AirCraft Casualty Emotional Support Services
- Abbreviation: ACCESS
- Formation: 1996
- Founder: Gail Weinstein & other family members
- Type: Nonprofit organization
- Legal status: 501(c)(3) organization
- Purpose: Emotional support and assistance to families who have lost loved ones in aircraft-related accidents
- Headquarters: New York, United States
- Region served: International
- Website: www.accesshelp.org

= AirCraft Casualty Emotional Support Services =

AirCraft Casualty Emotional Support Services ("ACCESS") is an American nonprofit support group based in New York City that helps surviving family members of aircraft crash victims.

== History ==
The organization was created by Heidi Snow, then fiancee of French hockey player Michel Breistroff, who died in the TWA Flight 800 disaster. The American Red Cross provided services for two weeks, after which survivors were left to arrange support on their own.
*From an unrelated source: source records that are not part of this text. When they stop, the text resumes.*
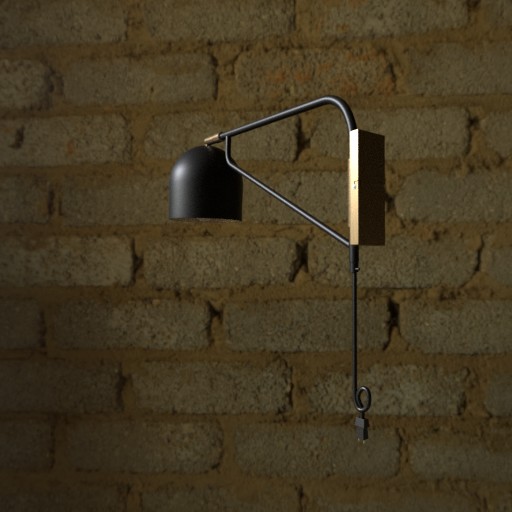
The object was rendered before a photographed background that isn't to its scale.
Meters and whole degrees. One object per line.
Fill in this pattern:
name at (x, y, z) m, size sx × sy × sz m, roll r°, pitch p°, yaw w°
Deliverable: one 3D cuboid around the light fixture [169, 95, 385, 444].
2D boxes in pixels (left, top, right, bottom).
light fixture at (0.000, 0.000, 1.091) m, size 0.215 × 0.696 × 0.720 m, roll 1°, pitch -1°, yaw -35°
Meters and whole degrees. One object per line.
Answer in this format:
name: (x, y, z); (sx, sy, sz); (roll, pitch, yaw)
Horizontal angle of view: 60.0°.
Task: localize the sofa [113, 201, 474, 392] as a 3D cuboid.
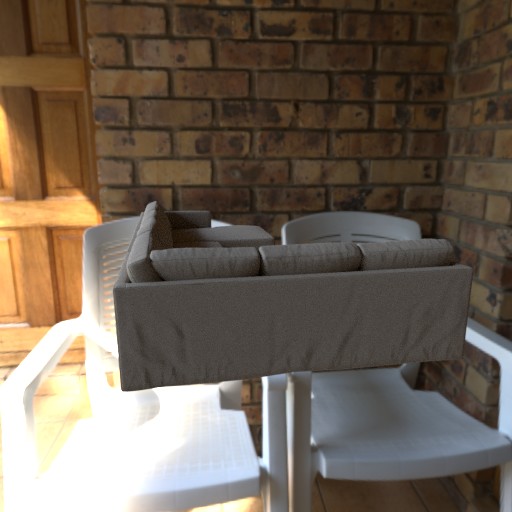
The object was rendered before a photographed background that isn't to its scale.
sofa: (0.000, 0.000, 4.547); (2.427, 0.882, 3.460); (-3, 14, -11)
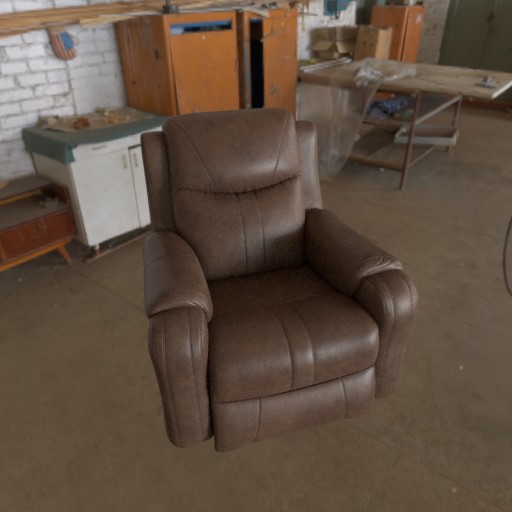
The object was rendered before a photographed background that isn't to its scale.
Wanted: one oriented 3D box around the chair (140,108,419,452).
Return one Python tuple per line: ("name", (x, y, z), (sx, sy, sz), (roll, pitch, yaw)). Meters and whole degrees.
("chair", (0.000, 0.000, 1.806), (0.940, 0.990, 1.067), (-9, 32, -14))
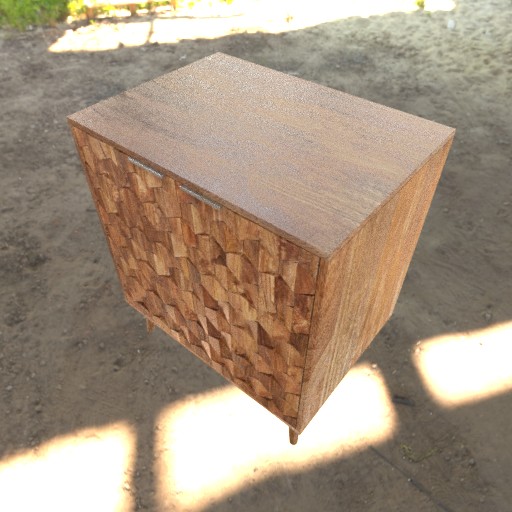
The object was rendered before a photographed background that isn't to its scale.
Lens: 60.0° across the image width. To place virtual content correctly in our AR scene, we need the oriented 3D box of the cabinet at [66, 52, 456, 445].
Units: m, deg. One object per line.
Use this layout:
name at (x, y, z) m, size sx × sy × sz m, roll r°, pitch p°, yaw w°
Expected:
cabinet at (0.000, 0.000, 1.166) m, size 0.647 × 0.758 × 0.473 m, roll 30°, pitch 52°, yaw 27°
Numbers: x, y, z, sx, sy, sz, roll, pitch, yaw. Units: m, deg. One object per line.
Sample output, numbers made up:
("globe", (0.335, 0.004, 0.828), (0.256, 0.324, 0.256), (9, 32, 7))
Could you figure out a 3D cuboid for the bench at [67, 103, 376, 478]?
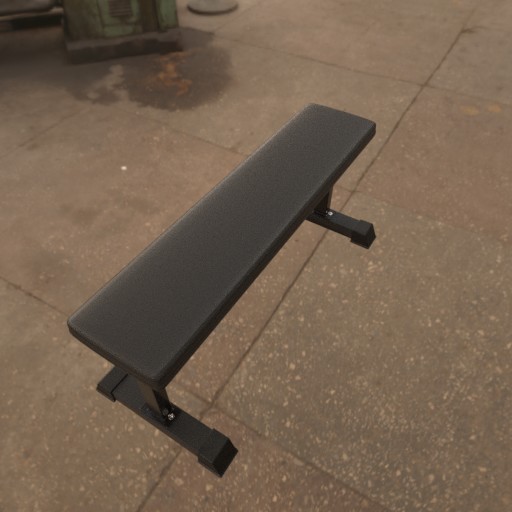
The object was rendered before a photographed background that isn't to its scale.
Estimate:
("bench", (0.000, 0.000, 1.307), (0.439, 0.453, 1.072), (25, 52, 21))
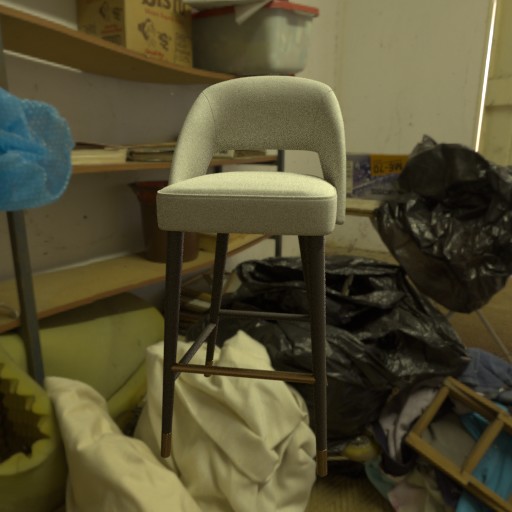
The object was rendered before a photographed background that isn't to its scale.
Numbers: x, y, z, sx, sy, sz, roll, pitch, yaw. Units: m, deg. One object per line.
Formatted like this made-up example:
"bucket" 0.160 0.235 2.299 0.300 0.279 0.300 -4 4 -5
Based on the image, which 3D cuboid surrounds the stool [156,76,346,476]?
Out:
"stool" 0.000 0.000 1.289 0.494 1.037 0.509 2 15 9
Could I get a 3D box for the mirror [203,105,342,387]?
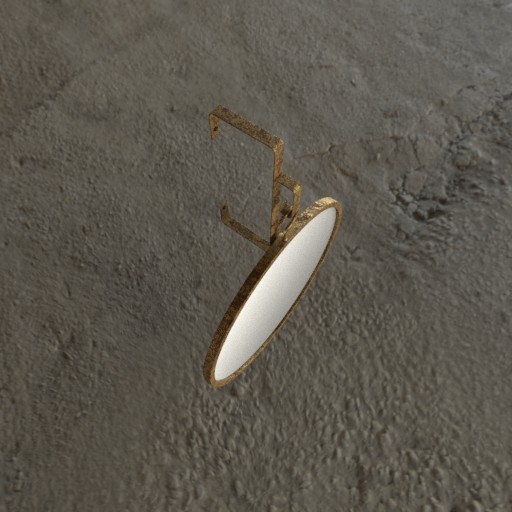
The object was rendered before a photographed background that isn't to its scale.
[{"bbox_3d":[0.000,0.000,0.844,0.144,0.651,0.447,34,66,17],"label":"mirror"}]
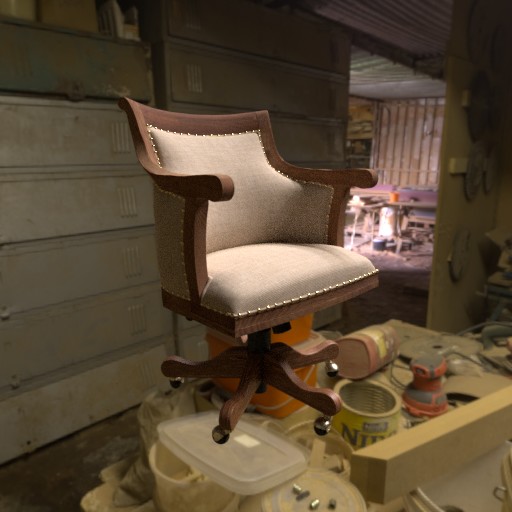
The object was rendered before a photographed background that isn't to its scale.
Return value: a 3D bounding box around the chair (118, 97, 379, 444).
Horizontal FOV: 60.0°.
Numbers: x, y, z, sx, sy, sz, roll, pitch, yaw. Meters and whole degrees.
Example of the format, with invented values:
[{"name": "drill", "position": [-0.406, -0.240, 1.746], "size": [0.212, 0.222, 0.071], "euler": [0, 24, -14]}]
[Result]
[{"name": "chair", "position": [0.000, 0.000, 1.424], "size": [0.656, 0.965, 0.689], "euler": [-12, 17, -42]}]
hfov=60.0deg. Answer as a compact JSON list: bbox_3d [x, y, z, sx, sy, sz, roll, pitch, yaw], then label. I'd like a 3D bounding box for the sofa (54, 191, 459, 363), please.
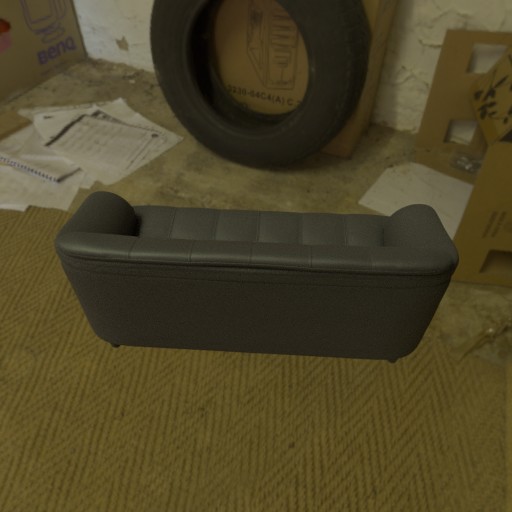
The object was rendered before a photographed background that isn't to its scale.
[{"bbox_3d":[0.000,0.000,2.270,1.829,0.811,0.800,3,47,2],"label":"sofa"}]
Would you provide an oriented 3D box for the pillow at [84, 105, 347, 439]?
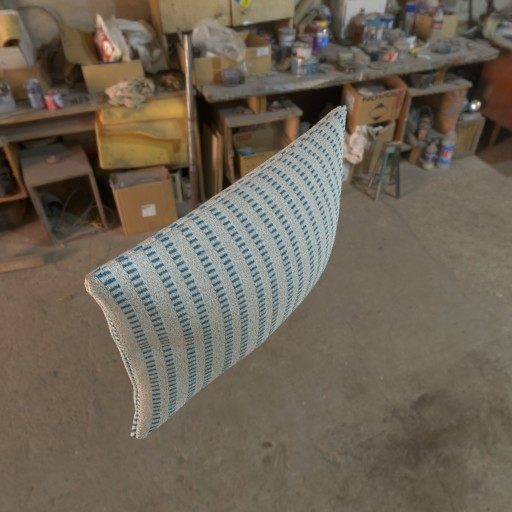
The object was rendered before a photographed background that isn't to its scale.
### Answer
[{"bbox_3d":[0.000,0.000,0.795,0.210,0.353,0.640,24,45,27],"label":"pillow"}]
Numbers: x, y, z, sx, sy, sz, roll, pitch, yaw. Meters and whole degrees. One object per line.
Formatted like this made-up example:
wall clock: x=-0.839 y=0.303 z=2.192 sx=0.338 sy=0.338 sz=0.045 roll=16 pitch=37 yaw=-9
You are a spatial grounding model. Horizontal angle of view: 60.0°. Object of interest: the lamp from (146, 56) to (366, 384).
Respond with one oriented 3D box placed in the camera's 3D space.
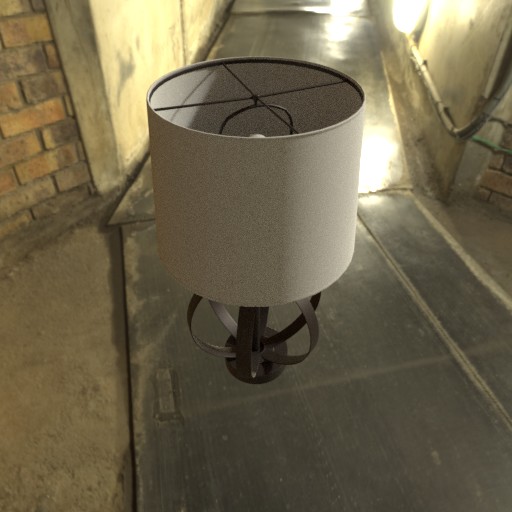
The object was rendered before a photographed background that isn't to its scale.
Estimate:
lamp: x=0.000 y=0.000 z=0.682 sx=0.286 sy=0.510 sz=0.286 roll=0 pitch=41 yaw=0
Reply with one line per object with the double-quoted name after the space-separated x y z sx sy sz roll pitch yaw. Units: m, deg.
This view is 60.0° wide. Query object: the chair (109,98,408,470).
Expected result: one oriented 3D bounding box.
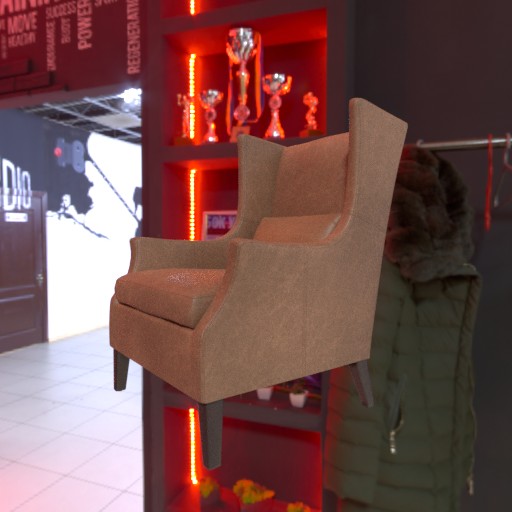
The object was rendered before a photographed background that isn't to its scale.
0.000 0.000 1.704 0.913 1.088 0.815 -2 4 -36 "chair"
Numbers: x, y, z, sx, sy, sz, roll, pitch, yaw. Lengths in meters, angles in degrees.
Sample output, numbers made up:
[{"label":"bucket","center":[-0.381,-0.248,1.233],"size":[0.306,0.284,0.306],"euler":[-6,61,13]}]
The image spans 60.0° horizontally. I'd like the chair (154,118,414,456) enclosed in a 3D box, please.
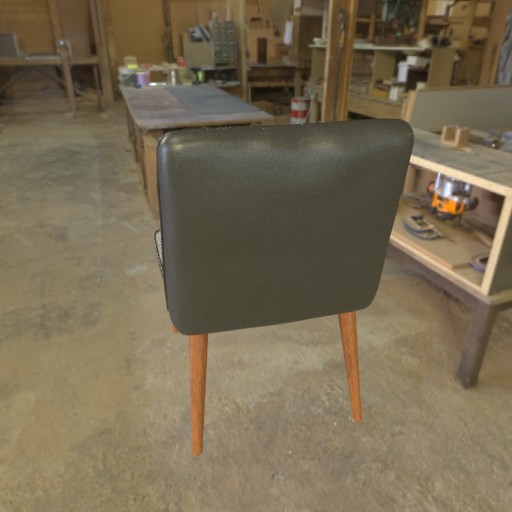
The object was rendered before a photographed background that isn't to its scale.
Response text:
[{"label":"chair","center":[0.000,0.000,1.208],"size":[0.543,0.801,0.645],"euler":[-9,29,-17]}]
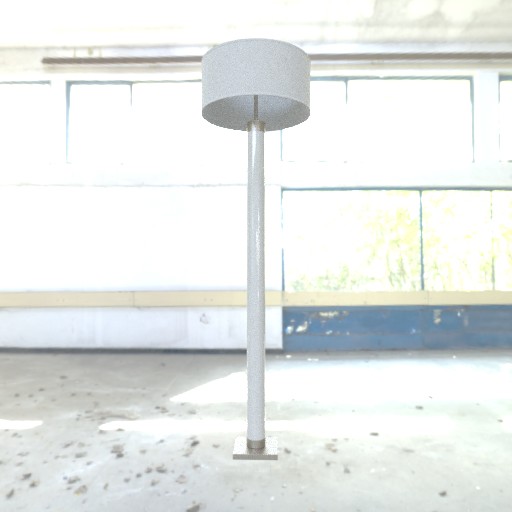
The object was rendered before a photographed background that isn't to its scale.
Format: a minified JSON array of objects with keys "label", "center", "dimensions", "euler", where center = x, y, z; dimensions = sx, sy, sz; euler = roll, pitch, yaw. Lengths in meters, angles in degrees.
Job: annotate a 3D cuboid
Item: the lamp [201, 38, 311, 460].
[{"label":"lamp","center":[0.000,0.000,1.685],"dimensions":[0.420,1.475,0.420],"euler":[0,-1,2]}]
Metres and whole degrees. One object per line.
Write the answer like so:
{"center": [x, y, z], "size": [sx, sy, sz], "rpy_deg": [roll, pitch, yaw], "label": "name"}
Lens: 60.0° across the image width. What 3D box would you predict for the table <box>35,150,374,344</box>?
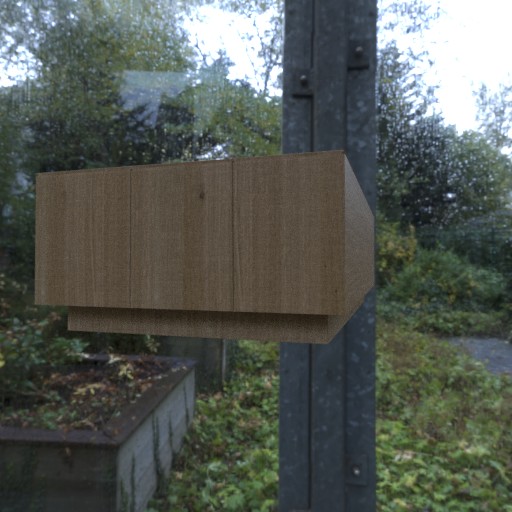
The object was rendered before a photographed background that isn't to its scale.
{"center": [0.000, 0.000, 1.410], "size": [0.678, 0.353, 1.110], "rpy_deg": [0, -1, 17], "label": "table"}
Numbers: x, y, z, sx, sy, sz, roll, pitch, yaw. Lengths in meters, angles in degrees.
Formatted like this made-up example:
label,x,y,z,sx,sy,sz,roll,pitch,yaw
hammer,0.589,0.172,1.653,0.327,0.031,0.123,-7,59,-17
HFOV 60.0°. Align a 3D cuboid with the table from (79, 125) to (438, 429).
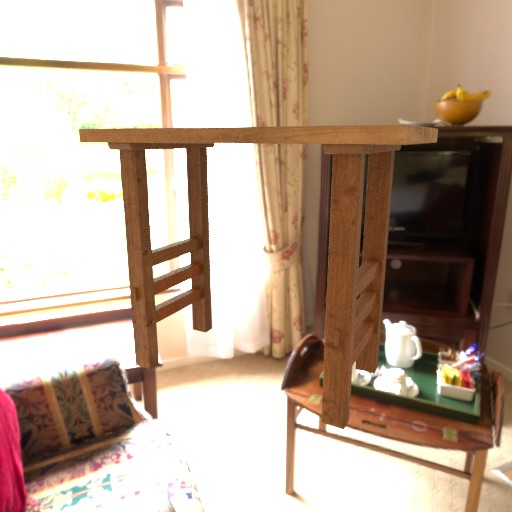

Snow contacted Rudolph Giuliani, then Mayor of New York City, who in turn suggested that she contact families of victims of an earlier crash, Pan Am Flight 103. After organizing the nonprofit, she arranged meetings between these families and those of victims of other major aviation disasters, including 9/11. The nonprofit also conducts sensitivity and support training for airlines and other companies that regularly deal with bereaving families and survivors.